Voloshchuk and Montclare (2010)
Synthetic biology aims to engineer artificial biological systems with the ultimate goal of programming novel
cell and organism behaviour. This is being achieved via a bottom-up approach in which the key ‘‘parts’’ are
nucleic acids, metabolites and proteins.
Young and Alper (2010)
Synthetic biology is developing the tools and methods that will increase control over these interactions,
eventually resulting in an integrative synthetic biology that will allow ground-up cellular optimization.
Zheng and Sriram (2010)
Synthetic biology aims to design novel biological circuits for desired applications, implemented through the
assembly of biological parts including natural components of cells and artificial molecules that emulate
biological behavior [1, 2]. Because of its parts-to-whole approach, synthetic biology has a significant
engineering component. Engineering endeavors typically involve the three classical engineering strategies:
standardization (ensuring that components of a system are compatible and exchangeable), decoupling
(dissecting a system into less complicated subsystems), and abstraction (streamlining a problem to focus only
on the pertinent facets) [3–5].
De Lorenzo V (2010)
There is, therefore, a first brand of Synthetic Biology with an altogether scientific
agenda that takes aboard the
celebrated remark by the 1965 Nobel Prize winner in Physics Richard Feynman ‘‘. . . what I cannot create, I do
not understand ’’. Synthesis is understood here as the ultimate validation of a scientific hypothesis, and
therefore as a tool that belongs to the realm of fundamental science.

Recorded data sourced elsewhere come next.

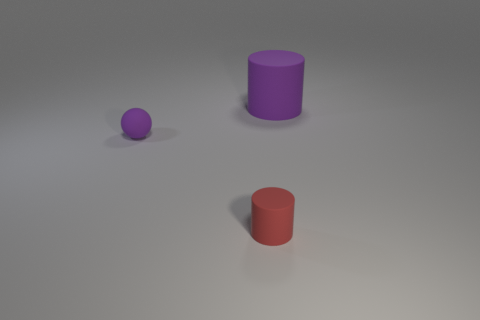What shape is the object that is the same color as the large cylinder?
Your answer should be compact. Sphere. How many matte things are tiny purple objects or purple cylinders?
Your response must be concise. 2. What color is the cylinder that is behind the tiny red cylinder to the right of the tiny rubber object that is on the left side of the small cylinder?
Keep it short and to the point. Purple. The big rubber object that is the same shape as the tiny red matte thing is what color?
Ensure brevity in your answer.  Purple. Are there any other things that are the same color as the small matte cylinder?
Provide a short and direct response. No. What number of other things are there of the same material as the red object
Give a very brief answer. 2. What size is the purple cylinder?
Your answer should be compact. Large. Are there any other big things that have the same shape as the red matte thing?
Your answer should be compact. Yes. How many things are large blue matte objects or matte objects that are on the right side of the tiny sphere?
Give a very brief answer. 2. There is a cylinder that is behind the tiny purple matte thing; what color is it?
Offer a very short reply. Purple.

Robson Marsden and Kros (2010)
Synthetic biology aims to understand and harness the emergent properties of complex biological systems. As
discussed here, one approach towards this is the use of biological, or biologically inspired modules, for the
directed self-assembly of functional synthetic systems.
Khalil and Collins (2010)
As a result, synthetic biology was born with the broad goal of engineering or “wiring” biological circuitry—be it
genetic, protein, viral, pathway, or genomic—for manifesting logical forms of cellular control.
Purcell et al. (2010)
The aim of synthetic biology is to design and synthesize biological networks or devices that perform a desired
function in a predictable manner (Endy 2005; Andrianantoandro et al. 2006; Serrano 2007; Haseloff & Ajioka
2009)
Zhang and Jiang (2010)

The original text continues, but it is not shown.